### What is being asked
In the data below, find the line containing "pedestrian [1138,604,1151,650]", then set down that line and every later line up to and including the line containing "pedestrian [614,599,631,633]", exactly.

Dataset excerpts

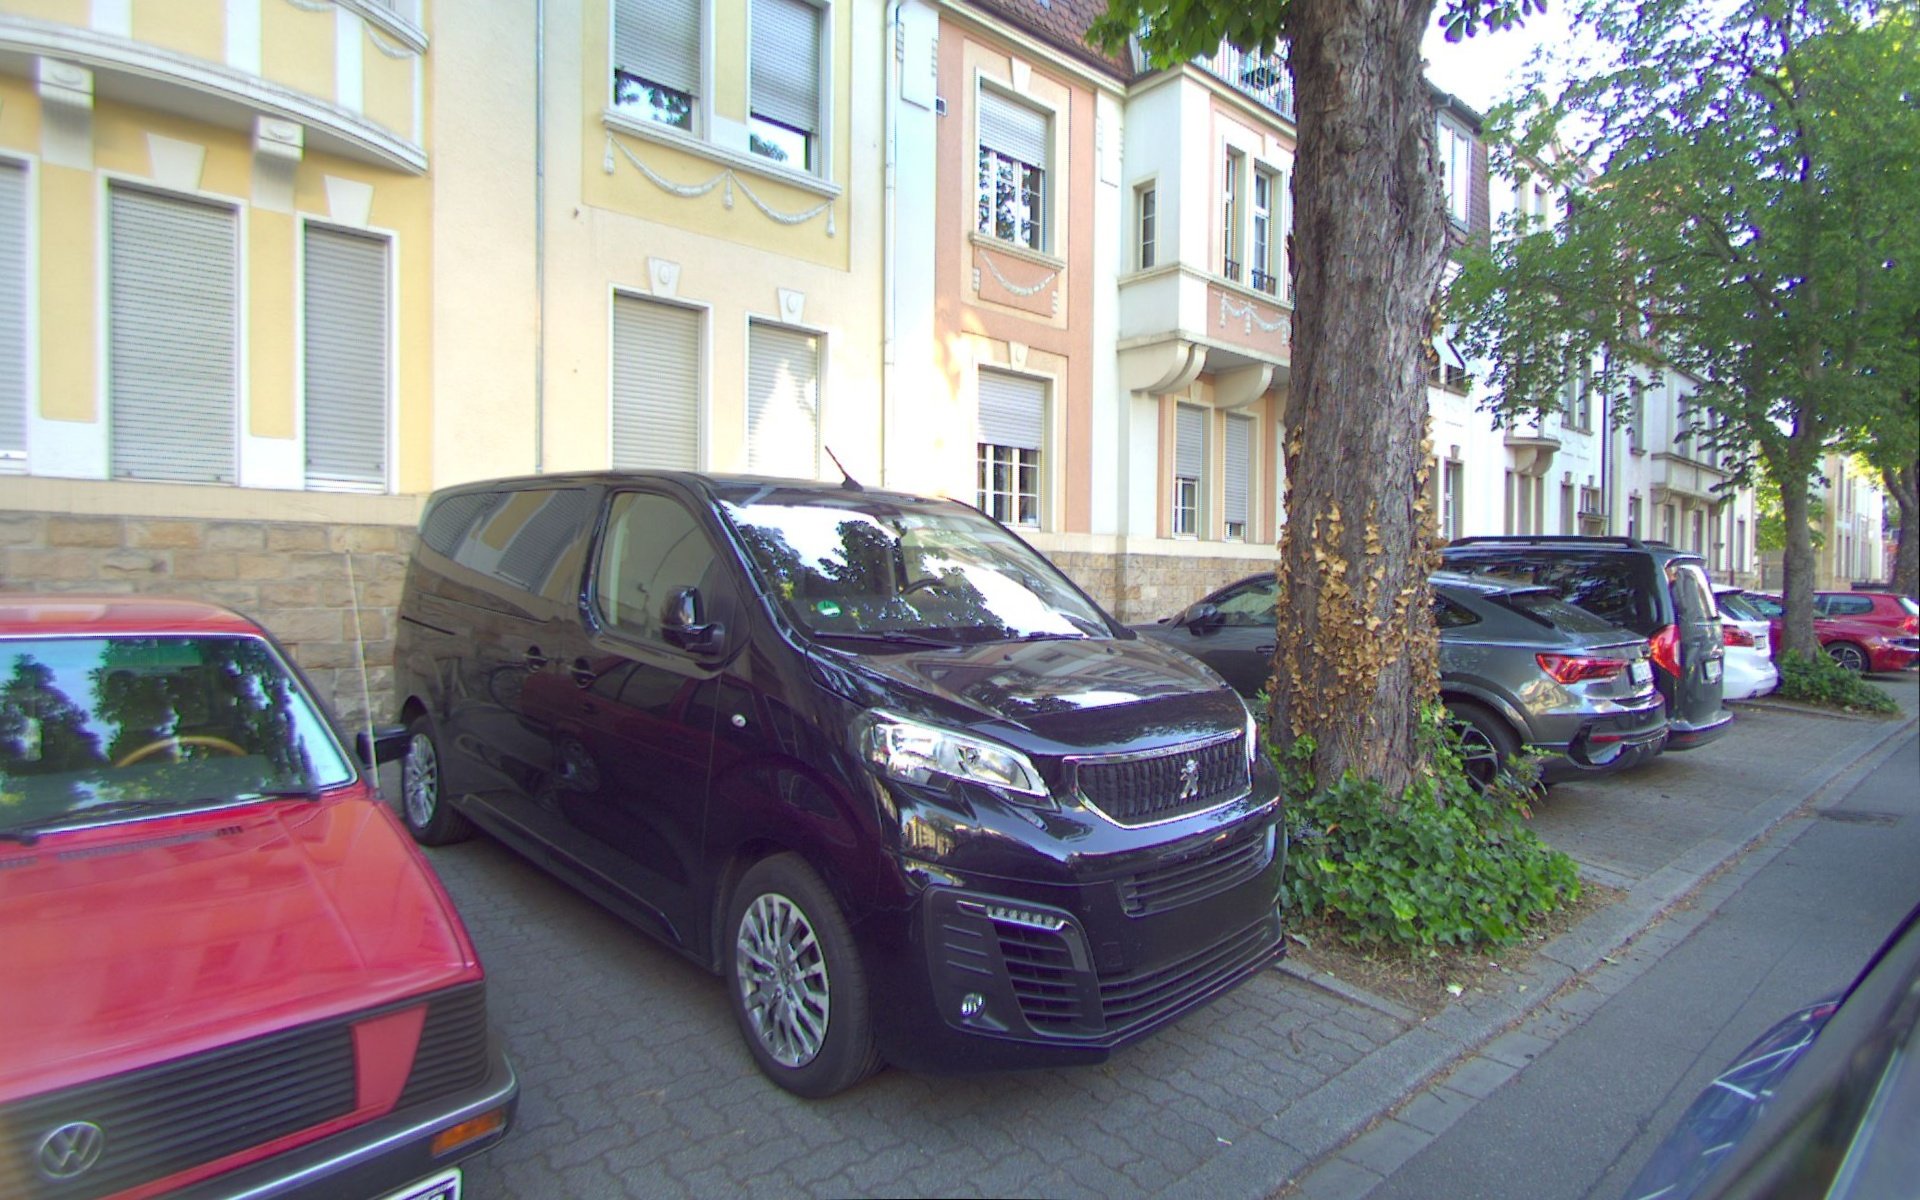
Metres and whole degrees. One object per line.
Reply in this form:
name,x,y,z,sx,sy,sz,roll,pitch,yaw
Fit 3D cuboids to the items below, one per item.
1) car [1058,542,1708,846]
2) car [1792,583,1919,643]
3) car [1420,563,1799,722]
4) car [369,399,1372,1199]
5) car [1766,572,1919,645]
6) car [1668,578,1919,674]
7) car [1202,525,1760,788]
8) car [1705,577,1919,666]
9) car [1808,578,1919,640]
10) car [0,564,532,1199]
car,2.840,0.411,7.536,1.569,1.611,4.165,-1,4,-44
car,24.000,0.329,26.157,1.511,1.420,3.621,0,3,-40
car,7.801,0.393,12.381,1.513,1.569,3.616,-1,3,-45
car,-0.944,0.348,4.557,1.851,1.846,4.825,-1,4,-44
car,21.674,0.176,24.113,1.511,1.584,3.621,0,2,-40
car,15.002,0.396,18.034,1.511,1.420,3.621,0,3,-40
car,4.436,0.276,9.134,1.569,1.849,4.165,-1,4,-44
car,16.913,0.366,19.693,1.511,1.482,3.621,0,3,-40
car,25.981,0.246,28.004,1.511,1.584,3.621,0,2,-40
car,-2.763,0.615,3.002,1.532,1.336,3.917,-1,4,-43
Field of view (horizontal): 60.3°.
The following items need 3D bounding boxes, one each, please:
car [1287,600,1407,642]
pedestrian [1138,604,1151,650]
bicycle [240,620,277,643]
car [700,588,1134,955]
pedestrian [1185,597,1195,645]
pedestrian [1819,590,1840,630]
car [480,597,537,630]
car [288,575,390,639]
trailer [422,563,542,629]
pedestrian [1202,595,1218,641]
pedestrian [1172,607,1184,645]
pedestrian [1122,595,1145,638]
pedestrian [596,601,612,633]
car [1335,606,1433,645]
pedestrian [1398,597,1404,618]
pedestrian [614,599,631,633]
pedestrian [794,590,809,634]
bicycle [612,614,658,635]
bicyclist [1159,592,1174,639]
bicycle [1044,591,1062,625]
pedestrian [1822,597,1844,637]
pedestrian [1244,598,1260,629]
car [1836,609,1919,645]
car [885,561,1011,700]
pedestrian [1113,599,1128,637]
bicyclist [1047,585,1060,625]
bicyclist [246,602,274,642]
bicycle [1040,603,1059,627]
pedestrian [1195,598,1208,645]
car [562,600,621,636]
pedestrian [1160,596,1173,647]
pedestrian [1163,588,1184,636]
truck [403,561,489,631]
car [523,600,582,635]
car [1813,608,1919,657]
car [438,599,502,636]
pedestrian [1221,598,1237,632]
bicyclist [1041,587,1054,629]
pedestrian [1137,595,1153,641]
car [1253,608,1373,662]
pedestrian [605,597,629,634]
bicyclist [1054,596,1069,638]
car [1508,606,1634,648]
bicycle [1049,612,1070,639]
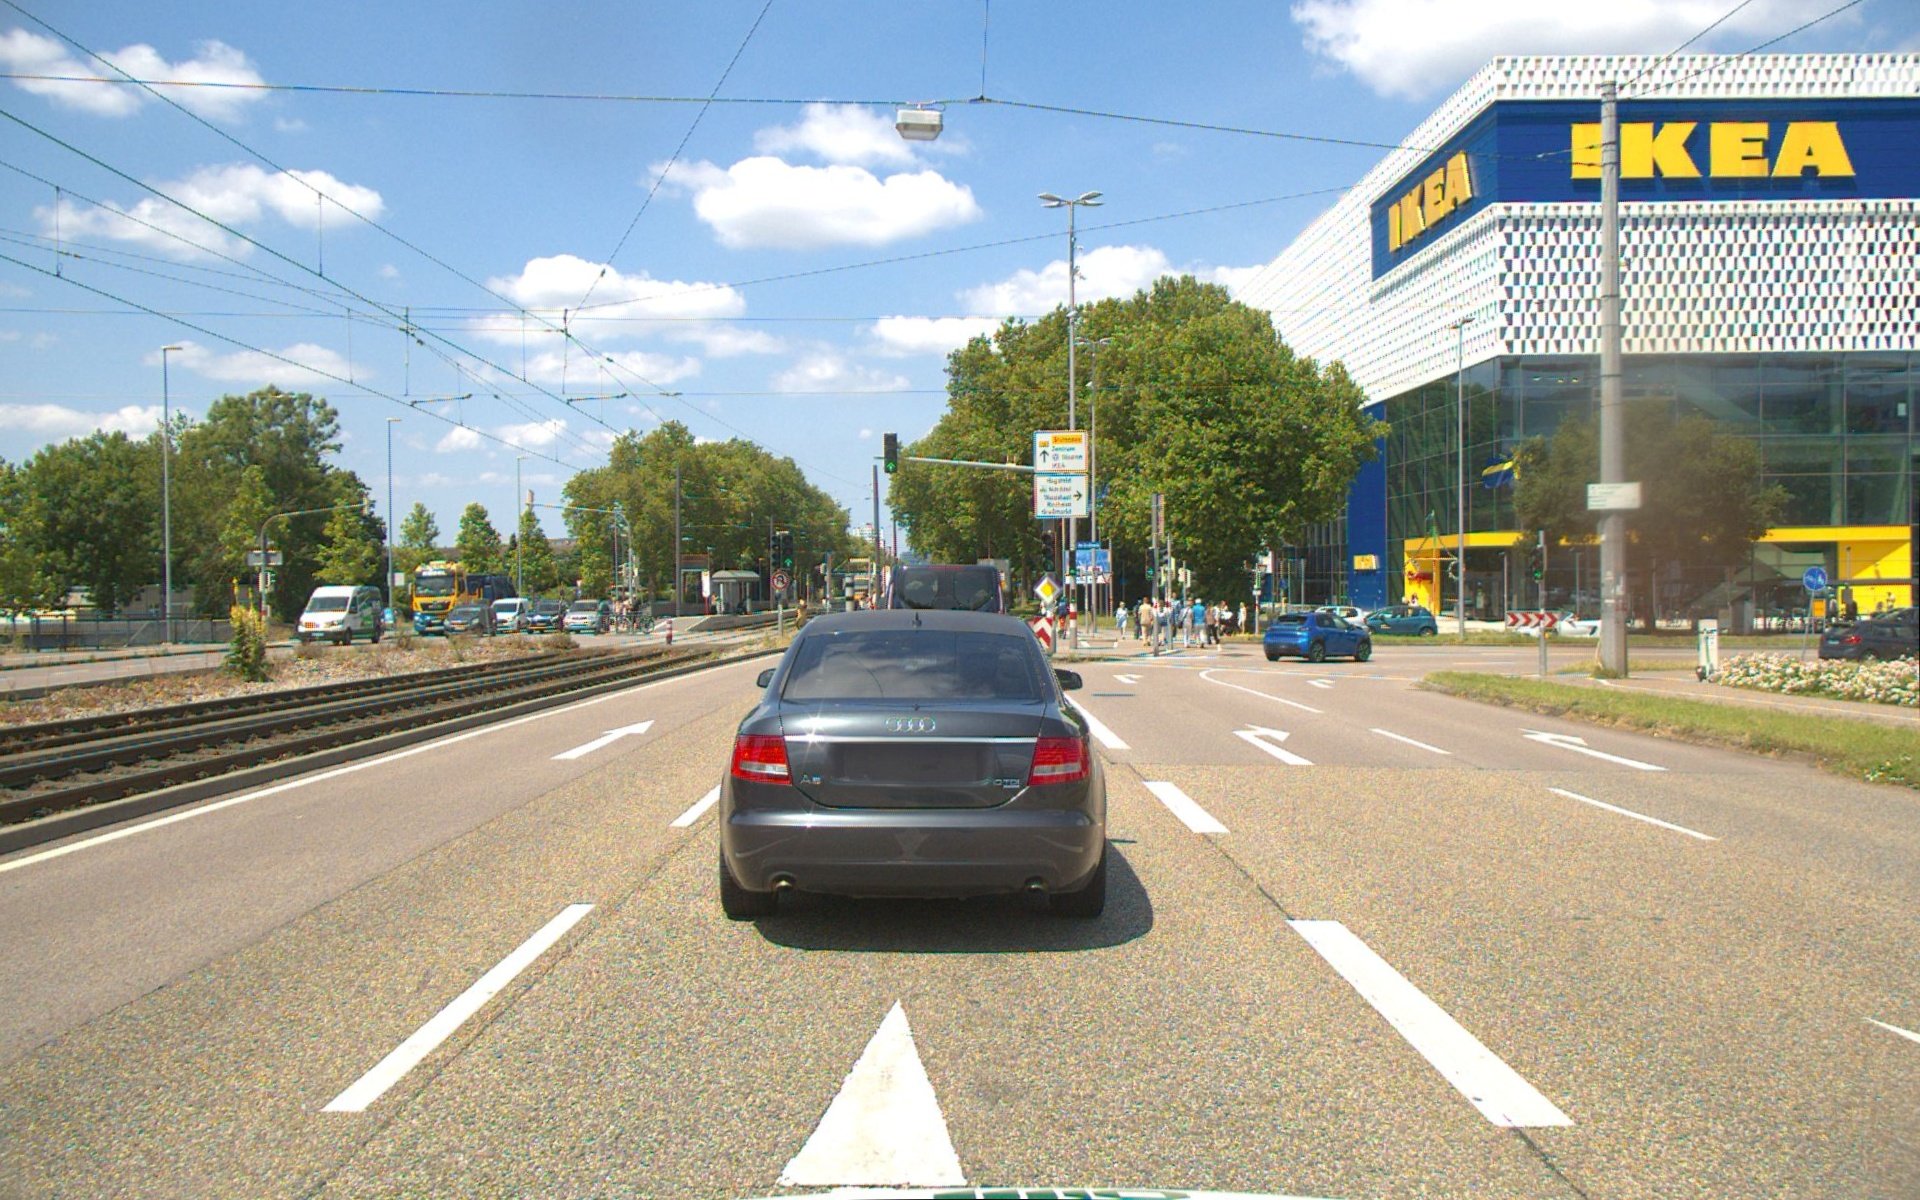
[{"bbox_3d":[15.685,0.839,67.217,4.403,1.512,2.001,2,0,3],"label":"car"},{"bbox_3d":[6.644,0.968,59.569,0.435,1.663,0.430,1,0,2],"label":"pedestrian"},{"bbox_3d":[-31.746,1.410,74.850,1.461,1.004,0.485,1,0,-5],"label":"bicycle"},{"bbox_3d":[-0.193,0.681,8.715,1.756,1.480,4.000,0,0,-1],"label":"car"},{"bbox_3d":[8.077,0.736,58.113,0.314,1.663,0.377,1,0,2],"label":"pedestrian"},{"bbox_3d":[45.430,0.514,86.403,0.696,2.049,0.824,1,0,1],"label":"pedestrian"},{"bbox_3d":[-24.429,0.714,89.541,1.785,1.699,4.461,1,0,1],"label":"car"},{"bbox_3d":[-27.442,0.247,73.340,2.198,2.634,6.233,-2,1,-2],"label":"car"},{"bbox_3d":[-28.019,-0.227,97.976,2.711,3.580,15.874,0,0,-1],"label":"trailer"},{"bbox_3d":[9.442,0.682,62.439,0.510,1.699,0.494,1,0,2],"label":"pedestrian"},{"bbox_3d":[7.670,0.907,58.130,0.365,1.326,0.365,1,0,2],"label":"pedestrian"},{"bbox_3d":[6.893,0.648,65.742,0.699,1.663,0.706,0,0,25],"label":"pedestrian"},{"bbox_3d":[-16.342,0.780,75.944,0.671,1.468,0.572,0,-1,-4],"label":"pedestrian"},{"bbox_3d":[18.055,1.058,70.594,3.710,1.512,2.001,2,0,3],"label":"car"},{"bbox_3d":[27.951,0.475,104.843,0.283,1.366,0.266,0,-1,-1],"label":"pedestrian"},{"bbox_3d":[-15.718,0.735,77.065,0.671,1.592,0.572,0,-1,-4],"label":"pedestrian"},{"bbox_3d":[-7.505,0.564,78.354,0.672,2.049,0.572,0,-1,-5],"label":"pedestrian"},{"bbox_3d":[-14.750,1.098,75.098,2.019,0.941,0.751,1,0,-11],"label":"bicycle"},{"bbox_3d":[8.046,0.608,64.342,0.517,1.795,0.828,0,-1,13],"label":"bicyclist"},{"bbox_3d":[4.271,0.351,76.245,0.673,1.545,2.751,1,0,0],"label":"bicycle"},{"bbox_3d":[45.116,0.882,85.445,0.696,2.049,0.824,1,0,1],"label":"pedestrian"},{"bbox_3d":[14.927,0.679,84.441,0.690,1.571,0.678,0,0,18],"label":"pedestrian"},{"bbox_3d":[40.247,1.153,70.810,4.403,1.512,2.001,1,0,3],"label":"car"},{"bbox_3d":[-0.198,0.445,25.628,1.799,1.984,3.999,0,0,-1],"label":"car"},{"bbox_3d":[6.660,0.735,68.450,0.483,1.546,0.707,0,0,17],"label":"pedestrian"},{"bbox_3d":[4.295,0.213,75.633,0.518,1.820,1.088,0,0,-1],"label":"bicyclist"},{"bbox_3d":[-31.660,1.003,74.790,1.097,1.805,0.340,1,0,-6],"label":"bicyclist"},{"bbox_3d":[3.901,0.664,72.500,0.673,1.011,2.751,1,0,0],"label":"bicycle"},{"bbox_3d":[8.483,0.755,58.065,0.389,1.663,0.371,1,0,2],"label":"pedestrian"},{"bbox_3d":[-18.414,0.856,82.807,1.784,1.699,4.462,1,0,2],"label":"car"},{"bbox_3d":[6.801,0.701,54.487,0.373,1.663,0.377,1,0,2],"label":"pedestrian"},{"bbox_3d":[8.498,0.484,65.827,0.671,1.878,0.706,0,0,25],"label":"pedestrian"},{"bbox_3d":[-27.895,-0.193,90.019,2.711,3.631,6.438,0,0,-1],"label":"truck"},{"bbox_3d":[-21.245,0.883,86.326,1.784,1.699,4.462,1,0,2],"label":"car"},{"bbox_3d":[30.388,1.054,54.686,4.030,1.553,1.754,0,0,-23],"label":"car"},{"bbox_3d":[-23.984,0.853,81.098,1.785,1.699,4.460,1,0,-1],"label":"car"},{"bbox_3d":[13.394,0.740,82.352,0.690,1.663,0.612,0,0,18],"label":"pedestrian"},{"bbox_3d":[3.839,0.354,72.587,0.518,1.820,1.088,0,0,0],"label":"bicyclist"},{"bbox_3d":[6.659,0.652,59.589,0.542,1.663,0.433,1,0,2],"label":"pedestrian"},{"bbox_3d":[10.563,1.023,49.326,1.810,1.480,3.977,2,0,41],"label":"car"},{"bbox_3d":[-16.328,0.740,78.708,0.806,1.750,0.775,0,0,21],"label":"pedestrian"},{"bbox_3d":[4.124,0.680,67.378,0.518,1.705,1.088,0,0,-1],"label":"bicyclist"},{"bbox_3d":[24.823,1.084,67.327,4.403,1.512,2.001,2,0,3],"label":"car"},{"bbox_3d":[4.056,1.023,67.334,0.673,1.023,2.751,1,0,0],"label":"bicycle"}]
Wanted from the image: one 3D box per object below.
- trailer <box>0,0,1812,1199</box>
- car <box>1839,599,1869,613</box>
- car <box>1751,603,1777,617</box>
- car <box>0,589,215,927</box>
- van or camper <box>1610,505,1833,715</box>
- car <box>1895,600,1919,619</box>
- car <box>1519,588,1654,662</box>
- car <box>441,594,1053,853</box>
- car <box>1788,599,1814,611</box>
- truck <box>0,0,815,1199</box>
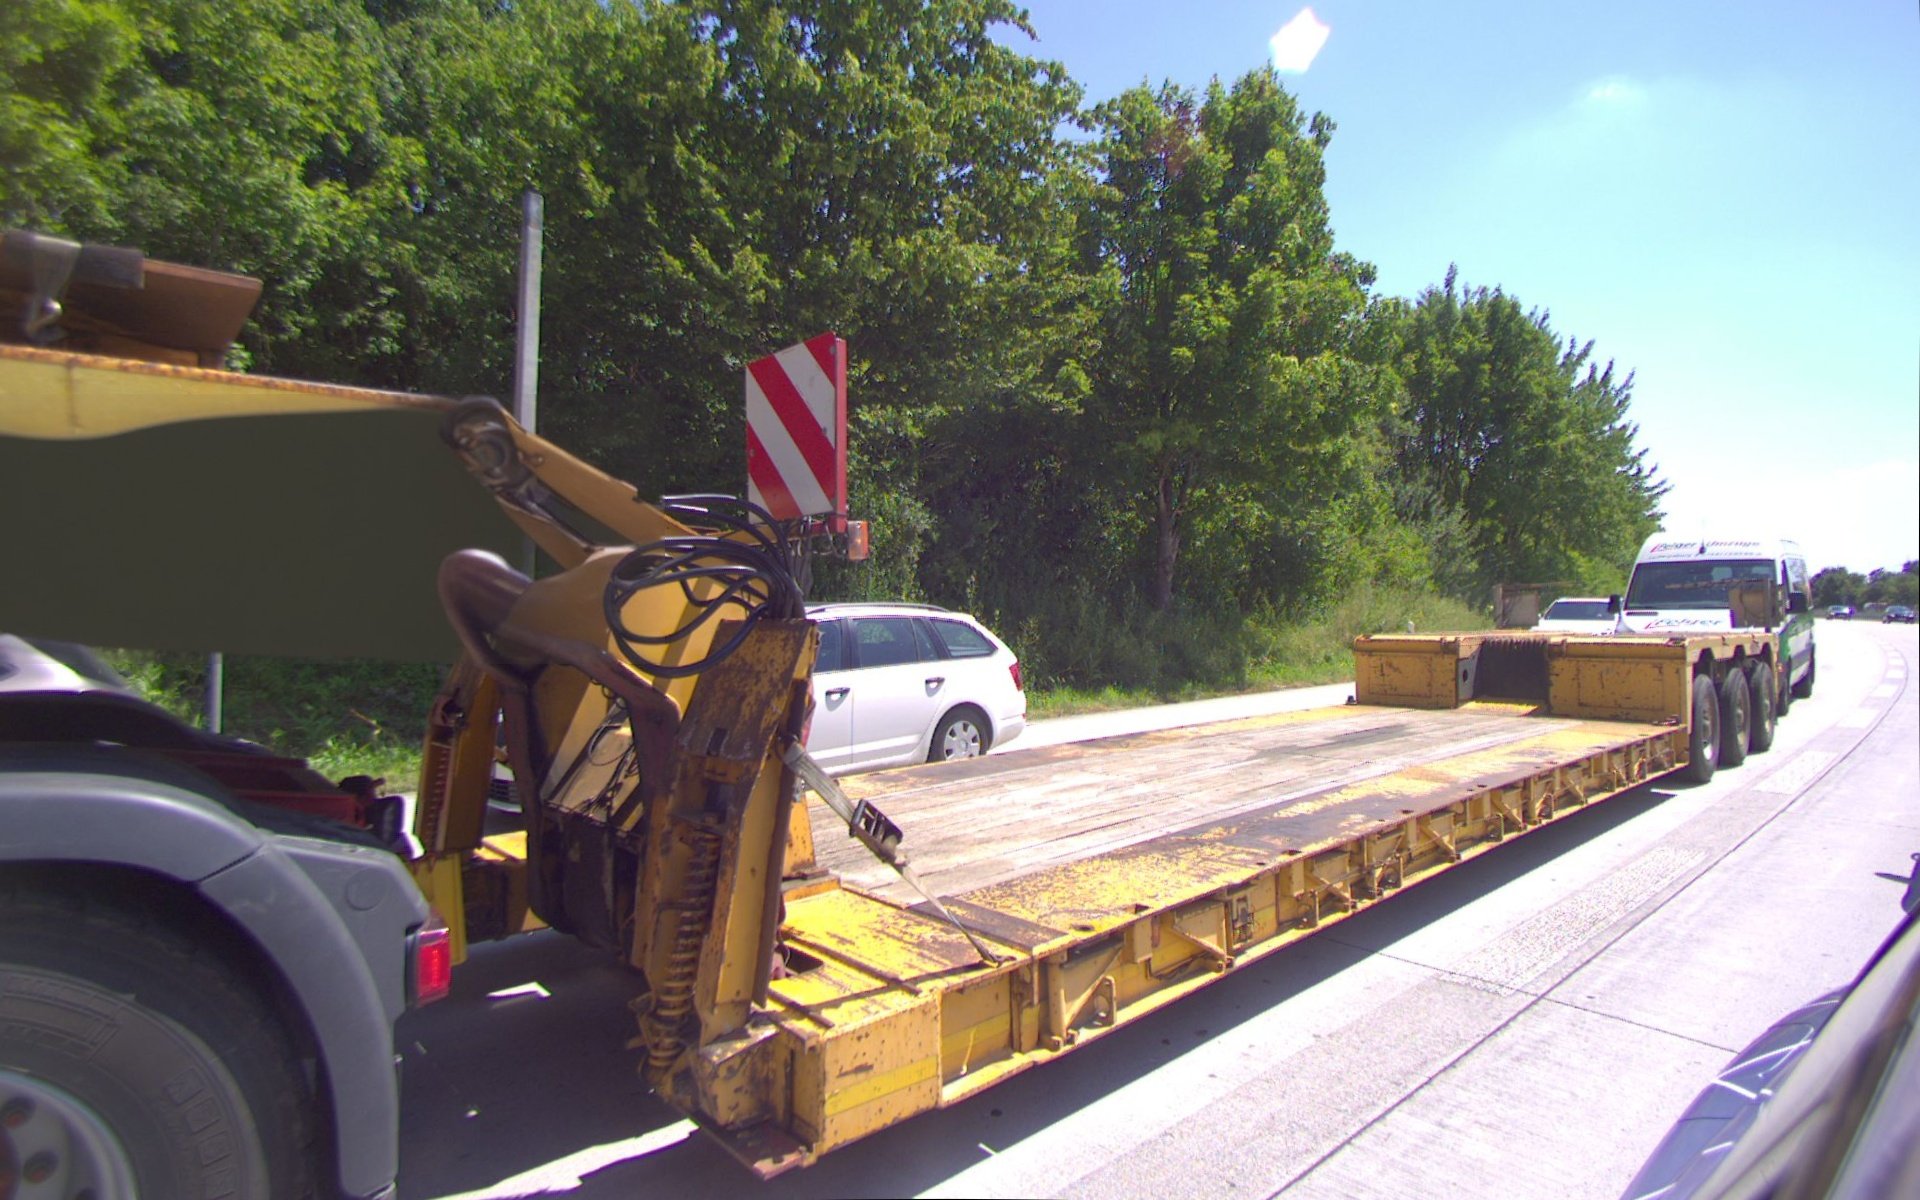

### Task solution
pedestrian [1138,604,1151,650]
bicycle [240,620,277,643]
car [700,588,1134,955]
pedestrian [1185,597,1195,645]
pedestrian [1819,590,1840,630]
car [480,597,537,630]
car [288,575,390,639]
trailer [422,563,542,629]
pedestrian [1202,595,1218,641]
pedestrian [1172,607,1184,645]
pedestrian [1122,595,1145,638]
pedestrian [596,601,612,633]
car [1335,606,1433,645]
pedestrian [1398,597,1404,618]
pedestrian [614,599,631,633]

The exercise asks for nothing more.